• [Requirement]: Pick every line from the data below that contains the string "view" and copy it.

[Data entries]
————————

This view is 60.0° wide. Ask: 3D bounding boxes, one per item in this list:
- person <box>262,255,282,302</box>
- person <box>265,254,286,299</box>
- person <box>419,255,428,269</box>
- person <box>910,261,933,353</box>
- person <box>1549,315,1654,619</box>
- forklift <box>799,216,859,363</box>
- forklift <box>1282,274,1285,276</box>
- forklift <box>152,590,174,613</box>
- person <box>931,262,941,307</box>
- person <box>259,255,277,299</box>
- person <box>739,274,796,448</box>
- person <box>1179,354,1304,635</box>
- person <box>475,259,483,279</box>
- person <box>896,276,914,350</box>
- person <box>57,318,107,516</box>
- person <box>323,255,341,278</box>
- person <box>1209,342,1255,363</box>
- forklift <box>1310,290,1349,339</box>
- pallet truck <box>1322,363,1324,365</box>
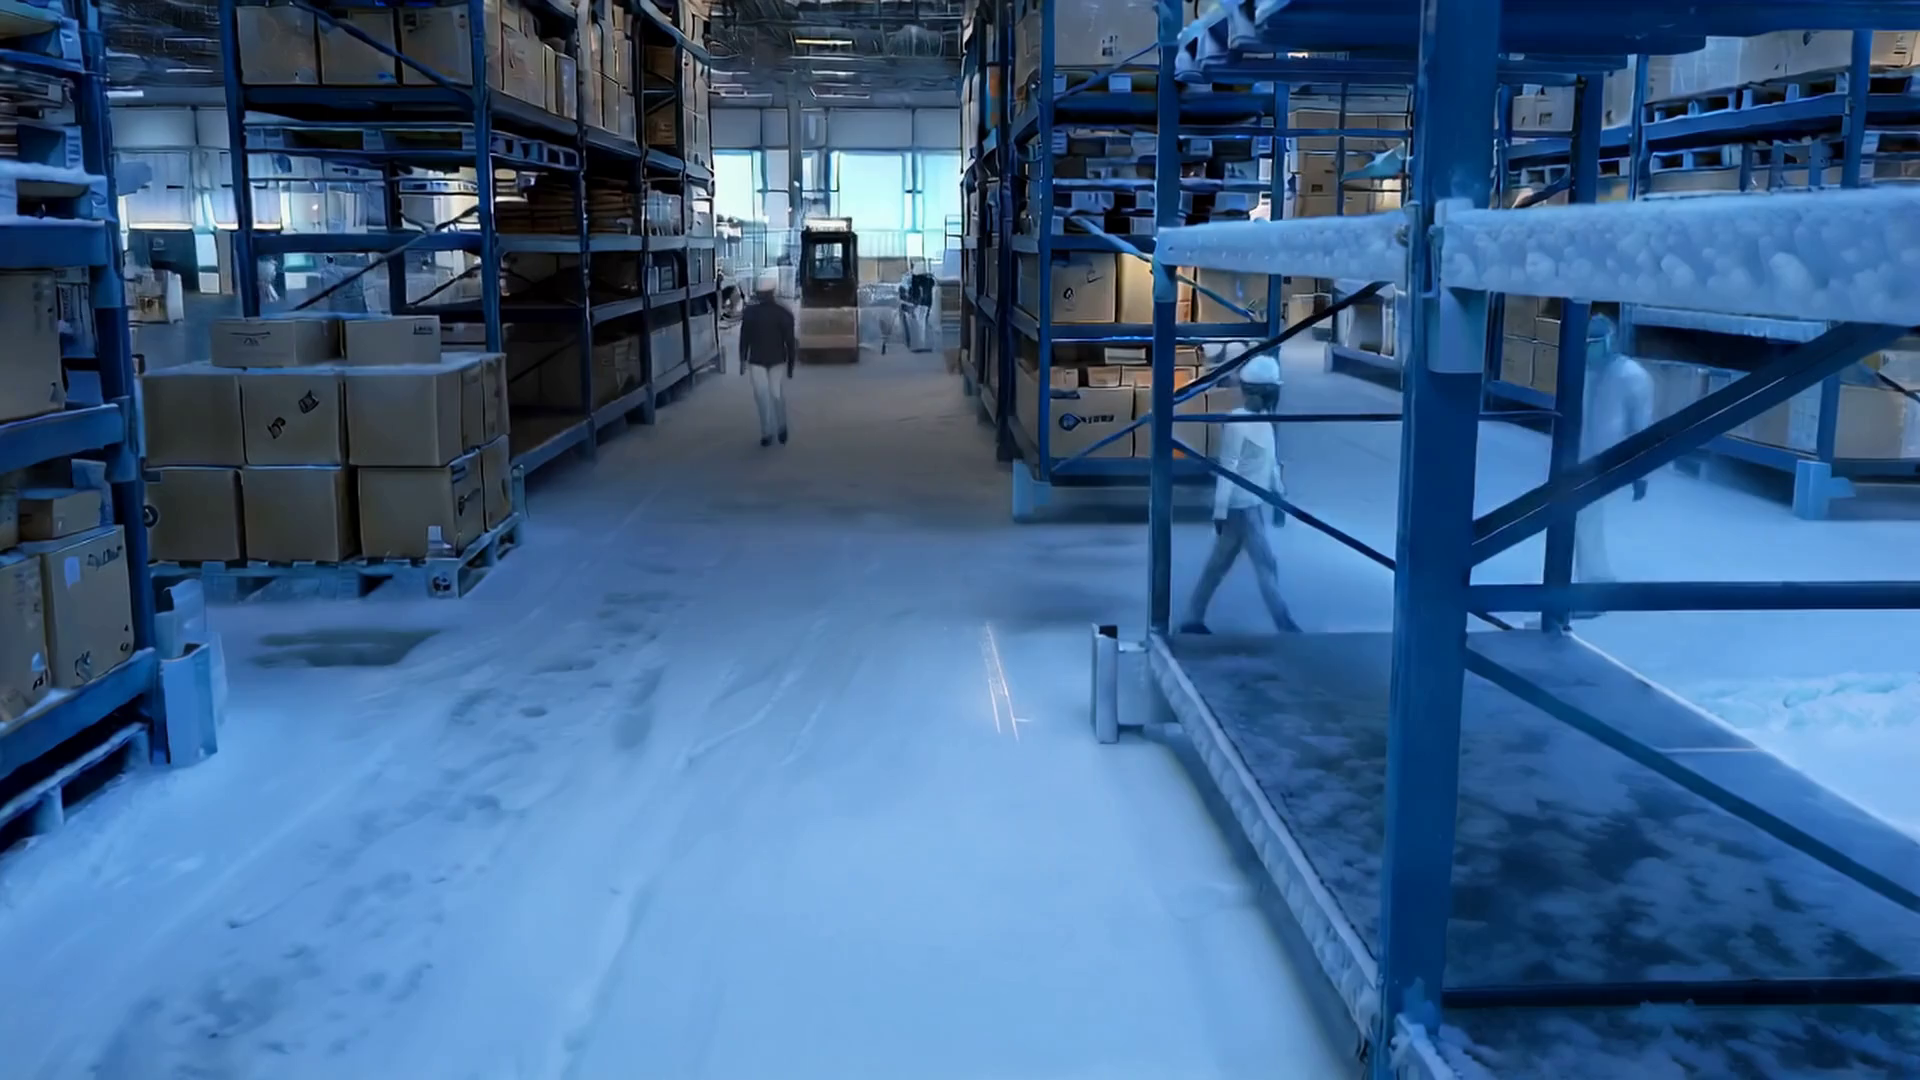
[{"bbox_3d":[-27.058,-10.264,65.288,0.911,1.827,0.516,3,11,16],"label":"person"},{"bbox_3d":[-28.266,-10.848,68.432,1.043,1.860,0.601,1,10,6],"label":"person"},{"bbox_3d":[-17.817,-8.524,55.384,0.349,1.882,0.584,-3,11,-17],"label":"person"},{"bbox_3d":[-0.818,-4.917,35.139,0.353,1.936,0.633,8,13,37],"label":"person"},{"bbox_3d":[3.942,-0.450,10.380,0.601,1.885,0.670,-4,11,-23],"label":"person"},{"bbox_3d":[-2.546,-4.878,32.293,1.129,2.768,1.873,0,10,-2],"label":"forklift"},{"bbox_3d":[12.317,-10.212,62.011,1.129,2.768,1.873,-3,11,-17],"label":"forklift"},{"bbox_3d":[-5.858,-0.811,9.639,1.873,2.768,1.129,-1,10,-3],"label":"forklift"},{"bbox_3d":[-0.663,-6.767,45.863,0.949,1.792,0.644,-5,11,-26],"label":"person"},{"bbox_3d":[-28.144,-10.696,67.708,0.925,1.793,0.627,0,10,3],"label":"person"},{"bbox_3d":[-2.200,-2.031,18.951,0.621,1.973,0.435,2,10,9],"label":"person"},{"bbox_3d":[1.673,-0.203,9.490,0.927,1.709,0.537,5,11,26],"label":"person"},{"bbox_3d":[-16.764,-9.120,58.611,0.583,1.921,0.390,-6,12,-30],"label":"person"},{"bbox_3d":[-1.128,-4.932,36.210,0.524,1.587,0.845,-5,11,-26],"label":"person"},{"bbox_3d":[-7.159,-0.913,13.407,0.808,1.741,0.533,9,14,42],"label":"person"},{"bbox_3d":[-20.274,-8.204,53.522,0.633,1.920,0.705,5,12,28],"label":"person"},{"bbox_3d":[5.344,-4.342,32.085,1.008,1.878,0.569,1,10,4],"label":"person"},{"bbox_3d":[9.410,-6.178,39.539,1.873,2.768,1.129,-5,12,-28],"label":"forklift"},{"bbox_3d":[7.712,-4.157,30.737,1.885,1.965,0.823,3,11,16],"label":"pallet truck"}]
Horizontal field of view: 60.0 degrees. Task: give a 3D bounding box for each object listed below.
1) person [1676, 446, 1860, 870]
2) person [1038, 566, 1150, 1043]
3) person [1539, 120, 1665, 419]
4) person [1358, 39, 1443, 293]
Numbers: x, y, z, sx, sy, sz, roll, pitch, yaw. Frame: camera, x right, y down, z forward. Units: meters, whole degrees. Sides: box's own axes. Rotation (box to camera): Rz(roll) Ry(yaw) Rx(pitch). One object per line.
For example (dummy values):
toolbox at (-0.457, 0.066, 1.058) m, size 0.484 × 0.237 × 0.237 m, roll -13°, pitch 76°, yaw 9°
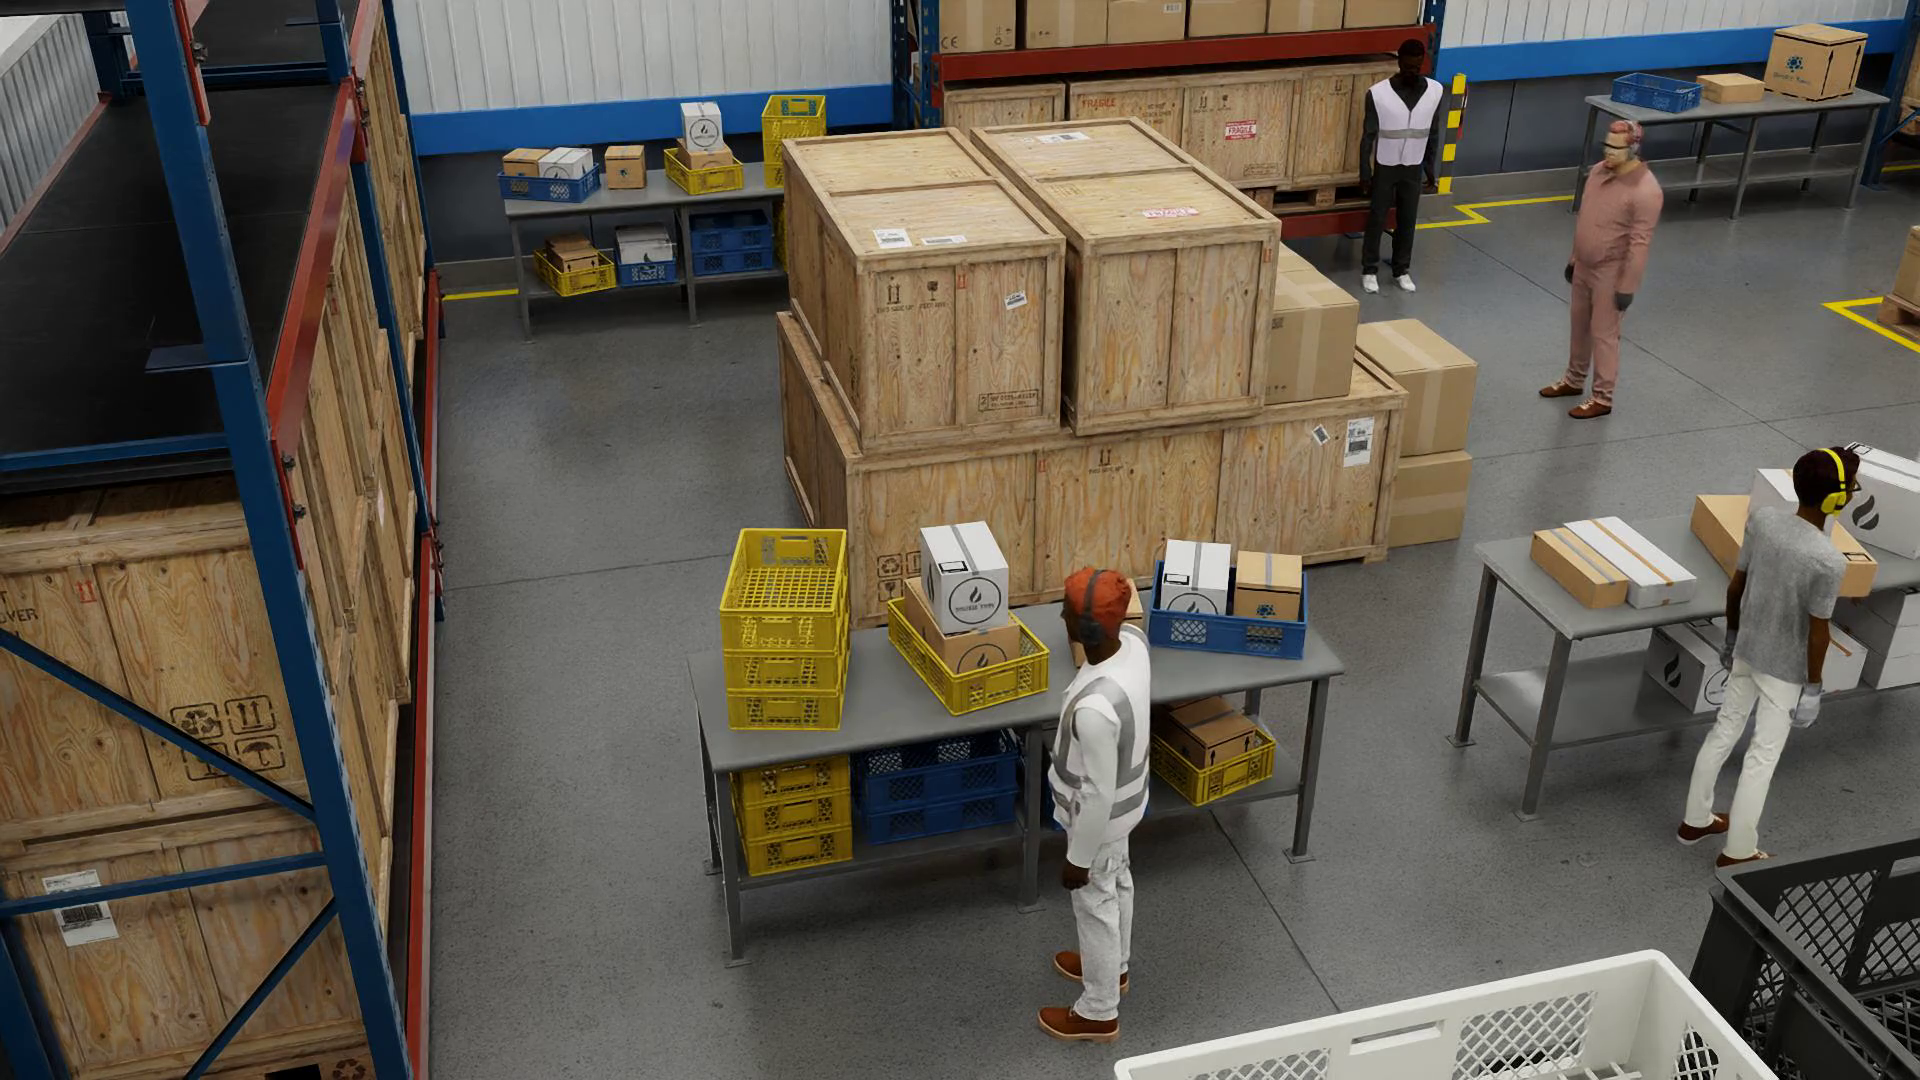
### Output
person at (3.209, 0.484, 6.562) m, size 0.327 × 1.874 × 0.519 m, roll -9°, pitch 30°, yaw -16°
person at (0.474, 0.925, 5.748) m, size 0.338 × 1.882 × 0.583 m, roll 8°, pitch 30°, yaw 14°
person at (4.059, -1.708, 10.520) m, size 0.399 × 1.900 × 0.653 m, roll -6°, pitch 29°, yaw -11°
person at (3.277, -2.806, 12.503) m, size 0.599 × 1.907 × 0.403 m, roll -4°, pitch 29°, yaw -8°

————————

• [Result]:
This view is 60.0° wide. Ask: 3D bounding boxes, one per item in this list:
Horizontal field of view: 60.0 degrees. Task: give a 3D bounding box for each object listed below.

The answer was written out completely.